Ambassador Ertan Tezgor confirms that the Turkish Government is researching how to include the Holocaust in the national curriculum in Turkey. Ex-head of the curriculum board is in the room to listen to the presentations.
Cengiz Aktar is not yet finished. Responding to my points on humility and courage, he takes up the issue of the Armenian Genocide: ‘In Turkey we have our own need to know with courage and humility with the Armenian Genocide. Memory work is in full swing in Turkey. Without knowledge of such evil – we cannot fully reach the truth.’ I notice nobody flinches and none of the Turkish Government officials leave the room. Aktar is leading a movement to ask for pardon for the Armenian Genocide. He appears to have the ear of his peers.
The question is how teaching about the Holocaust is of benefit for the Turkish community, beyond knowing the basic facts. I suspect virtually no one in the room is there because of a fascination with contemporary European history. They are there grappling history, memory, identity, and values – their own mainly. There is palpable concern expressed about Muslims who live in non-Muslim countries. Viewed from Istanbul, Turkish Muslims living in Germany, France, or Britain are seen as a vulnerable diaspora, highly impacted by Islamophobia. Aktar sees teaching about the Holocaust as part of the answer to Islamophobia. ‘We need to teach Holocaust and genocide to combat Islamophobia. Teaching about otherness and suffering of others raises awareness of the consequences of prejudice. It will help understanding the difficulty facing Muslim communities.’
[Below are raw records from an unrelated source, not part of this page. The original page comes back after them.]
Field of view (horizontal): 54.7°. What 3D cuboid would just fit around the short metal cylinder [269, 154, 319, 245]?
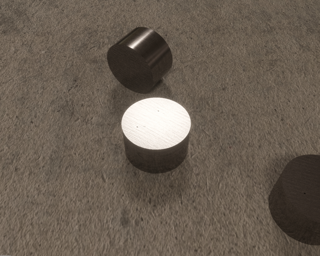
[{"bbox_3d":[0.162,0.075,0.326,0.081,0.050,0.080,0,50,0],"label":"short metal cylinder"}]

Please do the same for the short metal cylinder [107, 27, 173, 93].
[{"bbox_3d":[-0.029,-0.098,0.449,0.080,0.080,0.050,26,55,20],"label":"short metal cylinder"}]

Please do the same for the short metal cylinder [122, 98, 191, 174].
[{"bbox_3d":[-0.004,0.009,0.380,0.081,0.050,0.080,0,50,0],"label":"short metal cylinder"}]
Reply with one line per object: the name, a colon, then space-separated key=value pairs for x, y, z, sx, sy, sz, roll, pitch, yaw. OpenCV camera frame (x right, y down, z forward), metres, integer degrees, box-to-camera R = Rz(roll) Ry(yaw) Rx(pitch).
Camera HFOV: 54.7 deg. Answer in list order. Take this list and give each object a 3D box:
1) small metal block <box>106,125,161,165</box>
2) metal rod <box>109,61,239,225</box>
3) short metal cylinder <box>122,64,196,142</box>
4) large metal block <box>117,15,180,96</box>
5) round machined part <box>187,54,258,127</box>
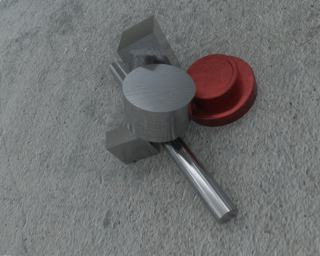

It may seem a leap of faith to suggest that teaching about the Holocaust will contribute to greater understanding between communities. Karel Fracapane of UNESCO hopes that such processes will indeed have the effect of bringing communities together towards greater understanding. Karen Pollack of the Holocaust Educational Trust does not think that teaching the Holocaust is a starting point for deeper community relations, but that it is important to know the history of the Holocaust because it is important to Jews and is important for Muslims to know about. I prefer Fracapane’s optimistic approach to find common values through learning about the Holocaust, but it is an ambitious goal whose task should not be underestimated. It is difficult enough to get agreement on how to deliver a basic education. But if our aspiration is not achieving a greater understanding between people, it seems we are squandering the opportunity. Do we want Muslims to know about the Holocaust and be hostile to Jews, or would we prefer for Muslims to know about the Holocaust and have a more open mind towards relations with the Jewish
community?
A member of the audience whose name I did not catch introduced himself as a writer and an ordained Imam, who recently travelled with thirty fellow Imams to Holocaust sites in Europe. I notice he sounds emotional as he speaks: ‘I had a dry knowledge. I thought the Holocaust was a Jewish issue. Then I tasted the real meaning of the suffering of the Jews in Europe first hand. I thought the Holocaust was a Jewish issue only, but there I realized it is the heritage of all human beings. The approach of the Muslim world is wrong. It is not about Muslims and Jews, it is about all of humanity. We have to correct our approaches accordingly.’